According to the lawsuit, Simon & Schuster was to pay the controversial gay conservative a $255,000 advance for a book to be published by its Threshold imprint, though it backed out of the agreement over fear of repercussions from progressives threatening to boycott the CBS-owned company.
The lawsuit, filed Friday by Meister Seelig & Fein out of New York, says executives at the publishing house praised early manuscripts of Dangerous, told its marketing and public relations departments to prepare for war, then pulled the plug on the book three weeks prior to its originally scheduled release.
The lawsuit says Simon & Schuster spiked Yiannopoulos’ book “in the wake of false and misleading reports that he had publicly condoned pedophilia — an accusation he has vociferously denied in social media postings, as well as in the pages of Dangerous, which Yiannopoulos self-published on July 4, 2017.”
The 83-page lawsuit, though, details several controversies beyond pedophilia — which stemmed from audio of Yiannopoulos discussing gay men having sex with willing teenagers — and even includes quotes from celebrities.
The lawsuit, for example, says Leslie Jones accused the publisher of helping Yiannopoulos and his ilk “spread their hate”; Sarah Silverman tweeted, “The guy has freedom of speech but to fund him & give him a platform tells me a LOT about @simonschuster. YUCK AND BOO AND GROSS”; and Judd Apatow tweeted, “In these times we cannot let hatemongers get rich off of their cruelty. Shame on @simonschuster.”
The lawsuit notes that this publication broke the news of his book deal, and adds that there was “overwhelmingly negative reaction to The Hollywood Reporter story from all corners of the left-leaning public.”

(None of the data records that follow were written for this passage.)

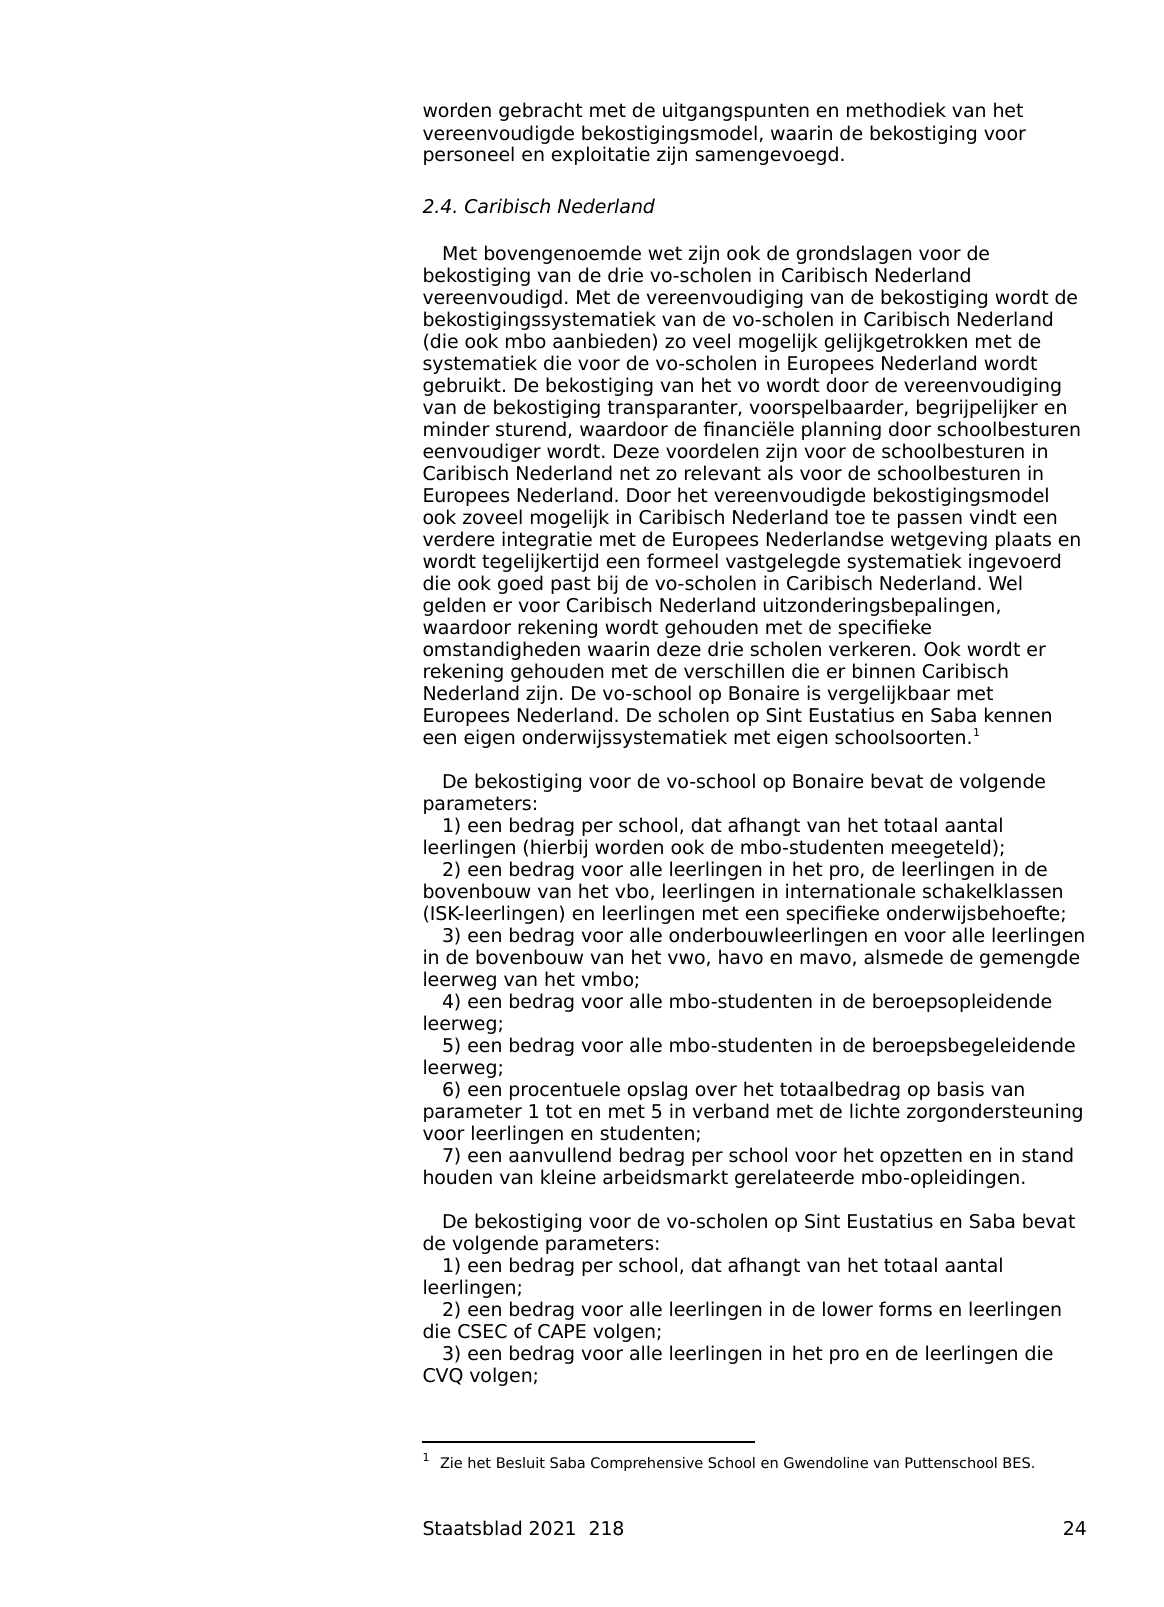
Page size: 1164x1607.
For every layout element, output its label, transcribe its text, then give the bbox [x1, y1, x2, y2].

text De bekostiging voor de vo-scholen op Sint Eustatius en Saba bevat de volgende parameters: [422, 1211, 1087, 1255]
text 6) een procentuele opslag over het totaalbedrag op basis van parameter 1 tot en met 5 in verband met de lichte zorgondersteuning voor leerlingen en studenten; [422, 1079, 1087, 1145]
text 1) een bedrag per school, dat afhangt van het totaal aantal leerlingen (hierbij worden ook de mbo-studenten meegeteld); [422, 815, 1087, 859]
text 3) een bedrag voor alle leerlingen in het pro en de leerlingen die CVQ volgen; [422, 1343, 1087, 1387]
text 7) een aanvullend bedrag per school voor het opzetten en in stand houden van kleine arbeidsmarkt gerelateerde mbo-opleidingen. [422, 1145, 1087, 1189]
text Zie het Besluit Saba Comprehensive School en Gwendoline van Puttenschool BES. [422, 1451, 1087, 1473]
text 2) een bedrag voor alle leerlingen in de lower forms en leerlingen die CSEC of CAPE volgen; [422, 1299, 1087, 1343]
text Met bovengenoemde wet zijn ook de grondslagen voor de bekostiging van de drie vo-scholen in Caribisch Nederland vereenvoudigd. Met de vereenvoudiging van de bekostiging wordt de bekostigingssystematiek van de vo-scholen in Caribisch Nederland (die ook mbo aanbieden) zo veel mogelijk gelijkgetrokken met de systematiek die voor de vo-scholen in Europees Nederland wordt gebruikt. De bekostiging van het vo wordt door de vereenvoudiging van de bekostiging transparanter, voorspelbaarder, begrijpelijker en minder sturend, waardoor de financiële planning door schoolbesturen eenvoudiger wordt. Deze voordelen zijn voor de schoolbesturen in Caribisch Nederland net zo relevant als voor de schoolbesturen in Europees Nederland. Door het vereenvoudigde bekostigingsmodel ook zoveel mogelijk in Caribisch Nederland toe te passen vindt een verdere integratie met de Europees Nederlandse wetgeving plaats en wordt tegelijkertijd een formeel vastgelegde systematiek ingevoerd die ook goed past bij de vo-scholen in Caribisch Nederland. Wel gelden er voor Caribisch Nederland uitzonderingsbepalingen, waardoor rekening wordt gehouden met de specifieke omstandigheden waarin deze drie scholen verkeren. Ook wordt er rekening gehouden met de verschillen die er binnen Caribisch Nederland zijn. De vo-school op Bonaire is vergelijkbaar met Europees Nederland. De scholen op Sint Eustatius en Saba kennen een eigen onderwijssystematiek met eigen schoolsoorten. [422, 243, 1087, 749]
text 5) een bedrag voor alle mbo-studenten in de beroepsbegeleidende leerweg; [422, 1035, 1087, 1079]
text worden gebracht met de uitgangspunten en methodiek van het vereenvoudigde bekostigingsmodel, waarin de bekostiging voor personeel en exploitatie zijn samengevoegd. [422, 100, 1087, 166]
subtitle 2.4. Caribisch Nederland [422, 196, 1087, 218]
text De bekostiging voor de vo-school op Bonaire bevat de volgende parameters: [422, 771, 1087, 815]
text 3) een bedrag voor alle onderbouwleerlingen en voor alle leerlingen in de bovenbouw van het vwo, havo en mavo, alsmede de gemengde leerweg van het vmbo; [422, 925, 1087, 991]
text 2) een bedrag voor alle leerlingen in het pro, de leerlingen in de bovenbouw van het vbo, leerlingen in internationale schakelklassen (ISK-leerlingen) en leerlingen met een specifieke onderwijsbehoefte; [422, 859, 1087, 925]
text 1) een bedrag per school, dat afhangt van het totaal aantal leerlingen; [422, 1255, 1087, 1299]
text 4) een bedrag voor alle mbo-studenten in de beroepsopleidende leerweg; [422, 991, 1087, 1035]
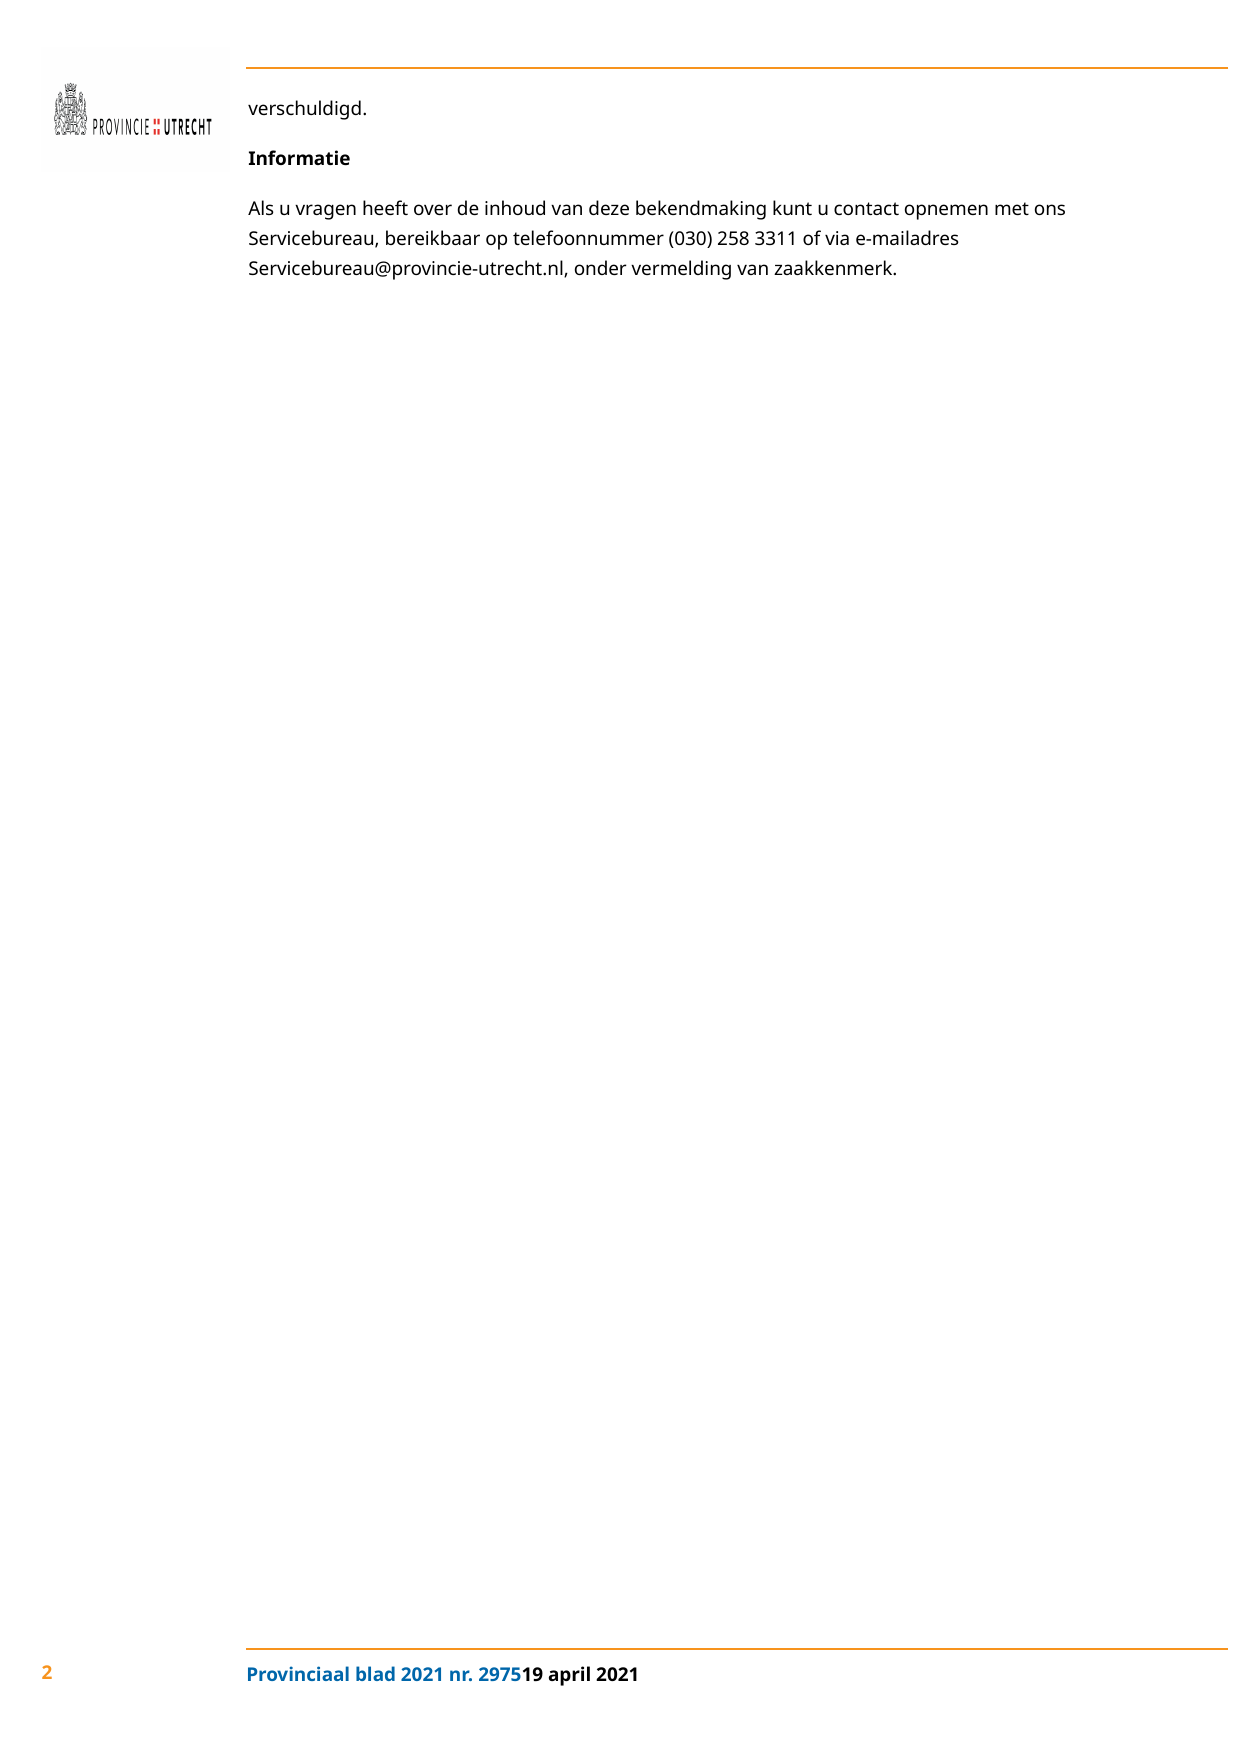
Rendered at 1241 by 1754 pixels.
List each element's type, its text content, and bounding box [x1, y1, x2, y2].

text Informatie [248, 145, 1152, 171]
picture [41, 47, 231, 172]
text Als u vragen heeft over de inhoud van deze bekendmaking kunt u contact opnemen met ons Servicebureau, bereikbaar op telefoonnummer (030) 258 3311 of via e-mailadres Servicebureau@provincie-utrecht.nl, onder vermelding van zaakkenmerk. [248, 196, 1152, 281]
text verschuldigd. [248, 95, 1152, 121]

The reaction included feminist author Roxane Gay pulling her book from Simon & Schuster; a publisher tweeting, “Stop buying, stocking, assigning, and reviewing their books until they end their relationship with Milo”; the Chicago Review of Books threatening to “not cover a single Simon & Schuster book in 2017”; and a writer for Elle accusing the publisher of “endangering human lives” by publishing Dangerous.
Also, CNN published an editorial asking, “Why on earth would Simon & Schuster give (Milo) a platform?”; a Teen Vogue writer encouraged the public to send a “deluge of calls and physical letters” to the publisher; and Los Angeles Times books editor Carolyn Kellogg accused the publisher of promoting an author with “racist, sexist views.”
At one point, Mitchell Ivers, editorial director at Simon & Schuster, asked Yiannopoulos and his literary agent, Thomas Flannery, for their advice on handling liberal objections. “I’m looking for best responses to Alt-Right, white supremacists, and Leslie Jones,” he wrote in an email.
Ivers also asked Yiannopoulos to end a public feud with Jones, the comedian and Ghostbusters actress, and, according to the lawsuit, he was also displeased with the author appearing “on shows with Bill Maher and the like so close to the book release date.”
Eventually, Ivers coordinated an “all-hands call” with his boss, publicity executives, Yiannopoulos and others. Three days after the call, which Ivers described as “great,” he informed Flannery that Simon & Schuster was terminating the publishing agreement, even though it had already paid Yiannopoulos $80,000 of the $255,000 advance.
The lawsuit said Simon & Schuster called the manuscript “unacceptable” even though five days earlier Ivers thanked the author for his “thorough and good work.”
“Yiannopoulos has been damaged in an amount to be determined at trial, but in no event less than Ten Million Dollars,” the lawsuit says.
“Although we have not been officially served, we believe that Yiannopoulos’ lawsuit is publicity driven and entirely without merit,” Simon & Schuster said in an emailed statement. “Simon & Schuster will vigorously defend itself against any such action, and fully expects to prevail in court.”